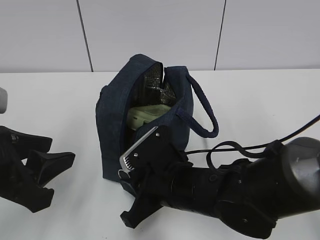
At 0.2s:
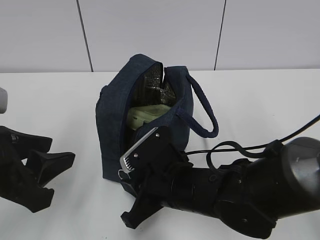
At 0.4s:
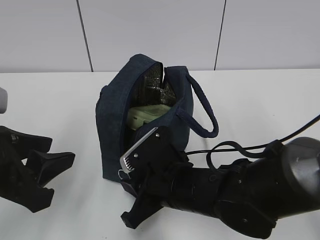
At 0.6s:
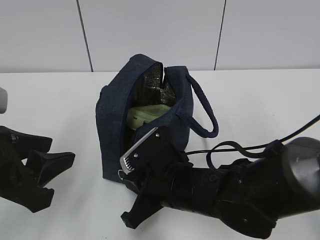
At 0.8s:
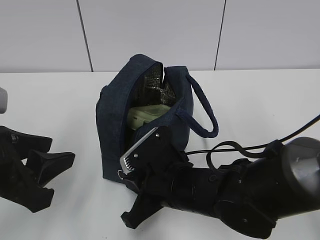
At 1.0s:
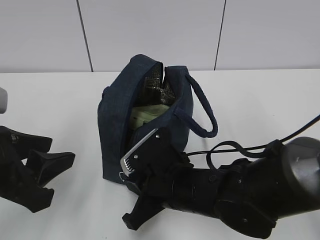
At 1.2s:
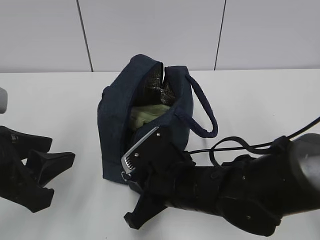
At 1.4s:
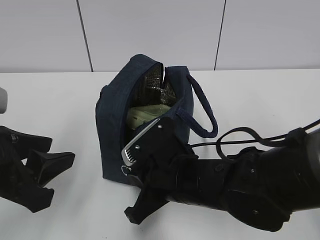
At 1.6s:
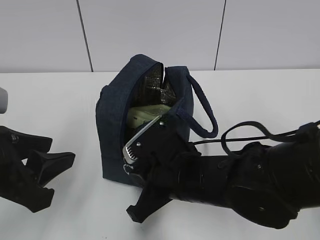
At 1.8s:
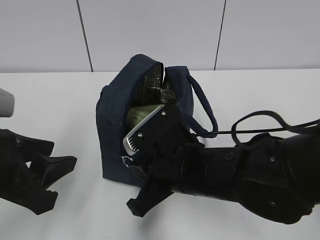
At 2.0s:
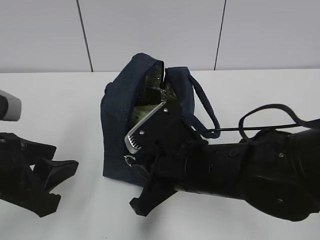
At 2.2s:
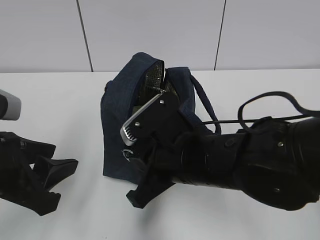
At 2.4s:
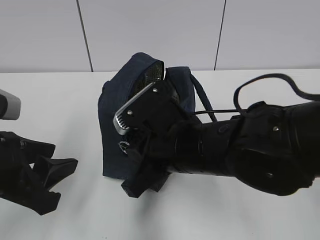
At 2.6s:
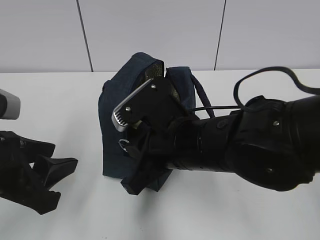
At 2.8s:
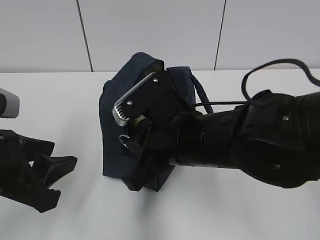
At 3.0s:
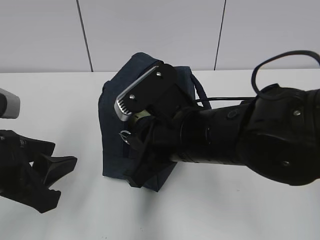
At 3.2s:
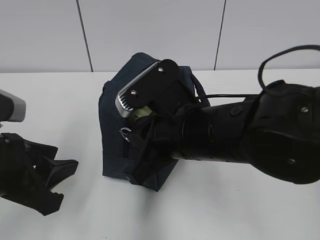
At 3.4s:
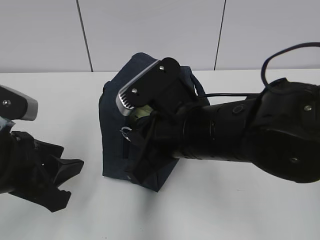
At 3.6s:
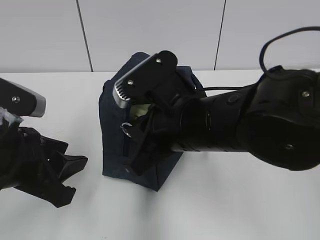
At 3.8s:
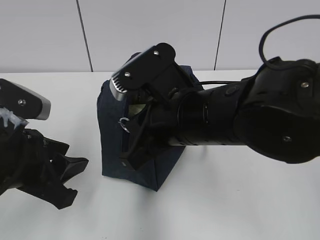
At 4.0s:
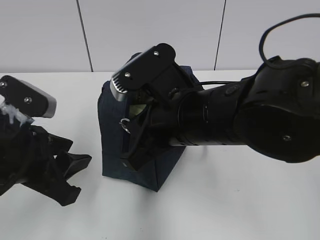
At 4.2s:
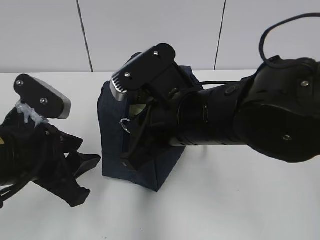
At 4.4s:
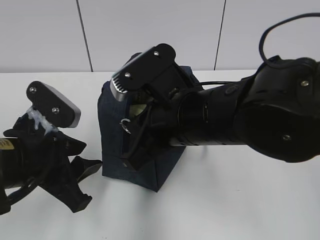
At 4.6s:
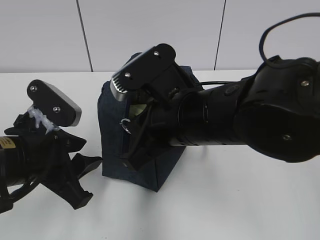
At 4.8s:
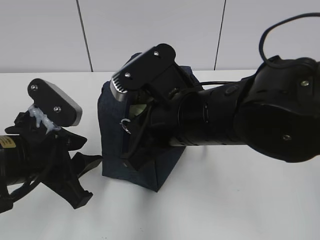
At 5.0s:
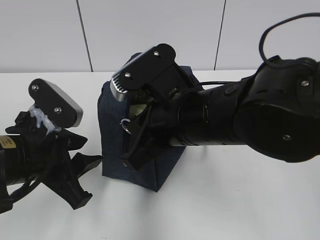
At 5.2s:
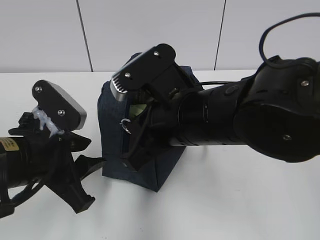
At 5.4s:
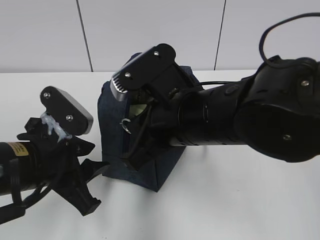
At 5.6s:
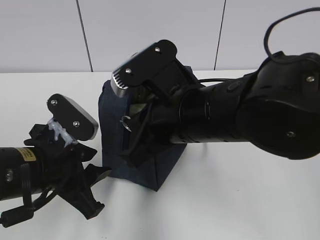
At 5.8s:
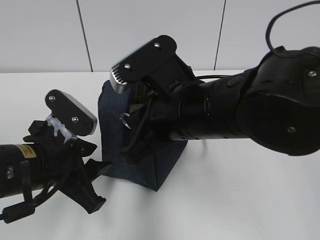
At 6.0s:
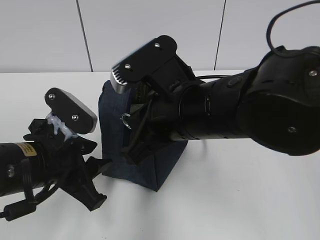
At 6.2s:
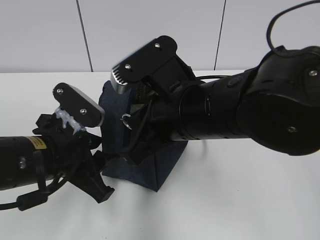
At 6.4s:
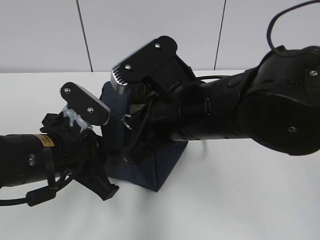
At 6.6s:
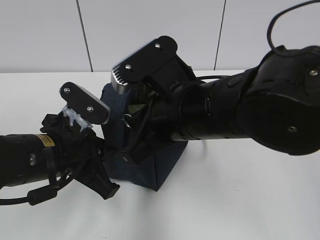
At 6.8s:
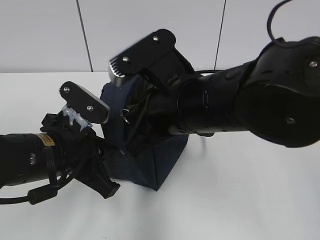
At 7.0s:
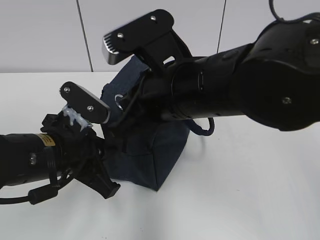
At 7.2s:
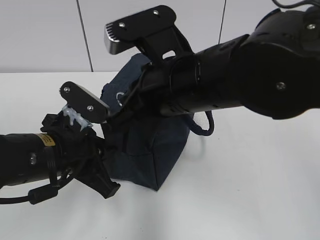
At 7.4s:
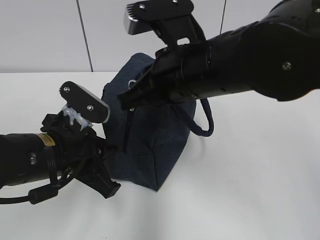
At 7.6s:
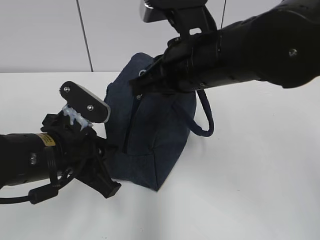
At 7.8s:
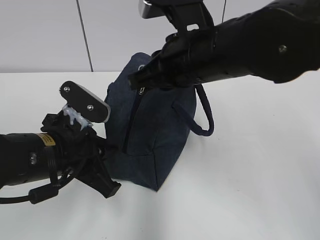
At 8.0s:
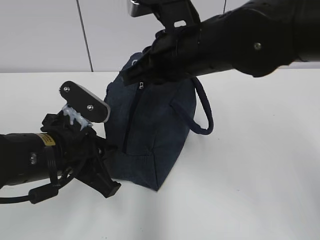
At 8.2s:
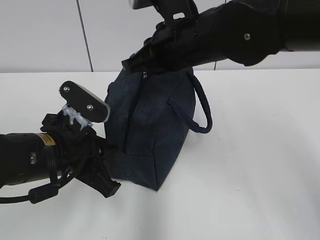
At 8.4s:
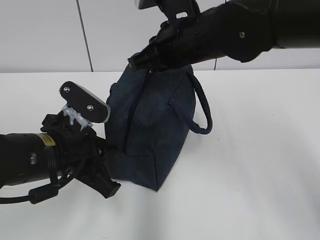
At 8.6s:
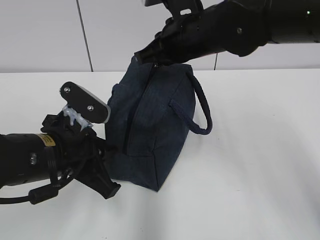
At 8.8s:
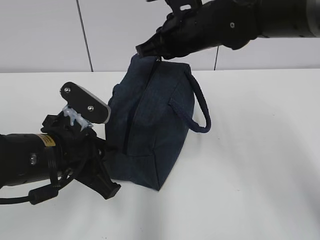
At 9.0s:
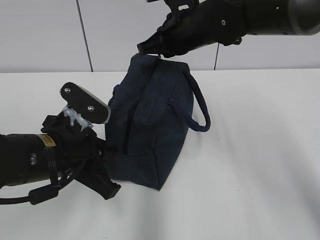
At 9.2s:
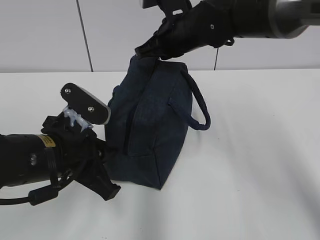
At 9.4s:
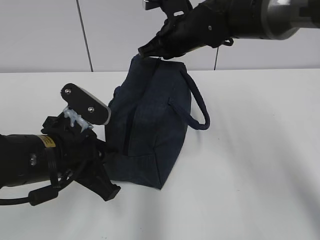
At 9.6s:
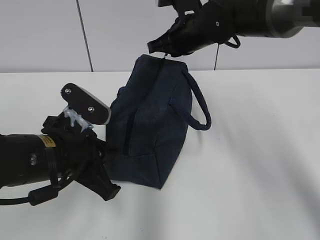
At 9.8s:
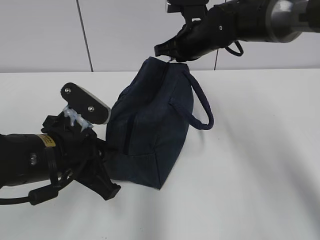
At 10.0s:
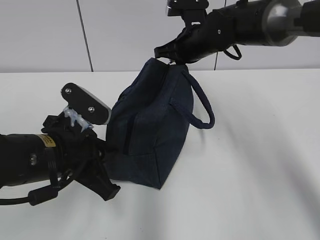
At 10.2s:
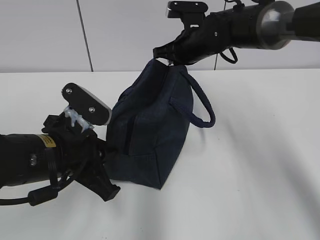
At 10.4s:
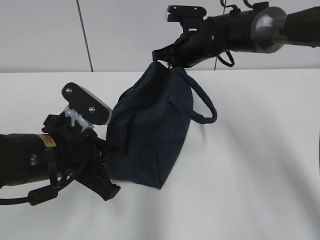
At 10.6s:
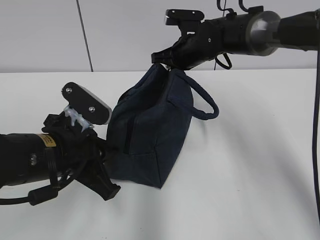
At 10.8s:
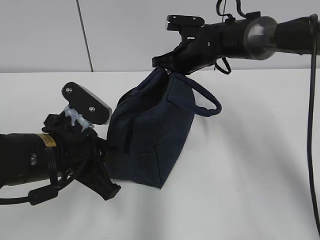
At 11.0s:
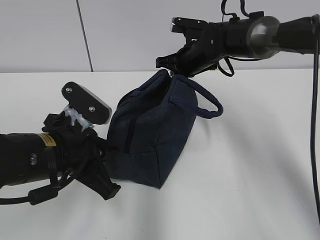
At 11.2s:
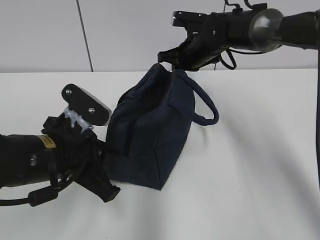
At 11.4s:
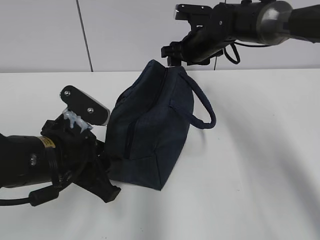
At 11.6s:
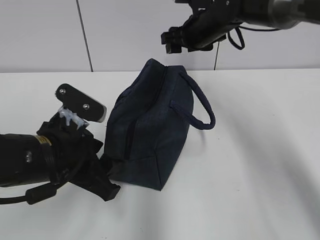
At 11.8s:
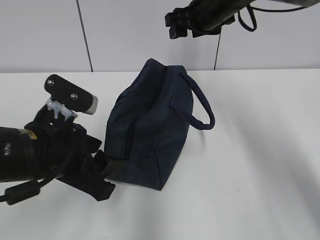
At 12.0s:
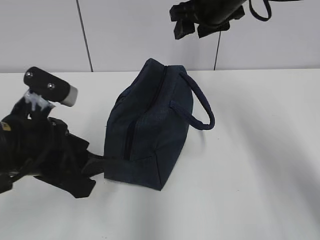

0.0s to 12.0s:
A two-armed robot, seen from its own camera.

+++++

**YOUR ASSIGNMENT:** Give back every record above word for word; the pictures have no place in it.

**RESPONSE:**
At 0.2s:
At 0.4s:
At 0.6s:
At 0.8s:
At 1.0s:
At 1.2s:
At 1.4s:
At 1.6s:
At 1.8s:
At 2.0s:
At 2.2s:
At 2.4s:
At 2.6s:
At 2.8s:
At 3.0s:
At 3.2s:
At 3.4s:
At 3.6s:
At 3.8s:
At 4.0s:
At 4.2s:
At 4.4s:
At 4.6s:
At 4.8s:
At 5.0s:
At 5.2s:
At 5.4s:
At 5.6s:
At 5.8s:
At 6.0s:
At 6.2s:
At 6.4s:
At 6.6s:
At 6.8s:
At 7.0s:
At 7.2s:
At 7.4s:
At 7.6s:
At 7.8s:
At 8.0s:
At 8.2s:
At 8.4s:
At 8.6s:
At 8.8s:
At 9.0s:
At 9.2s:
At 9.4s:
At 9.6s:
At 9.8s:
At 10.0s:
At 10.2s:
At 10.4s:
At 10.6s:
At 10.8s:
At 11.0s:
At 11.2s:
At 11.4s:
At 11.6s:
At 11.8s:
At 12.0s:

0.0s to 12.0s:
A two-armed robot, seen from its own camera.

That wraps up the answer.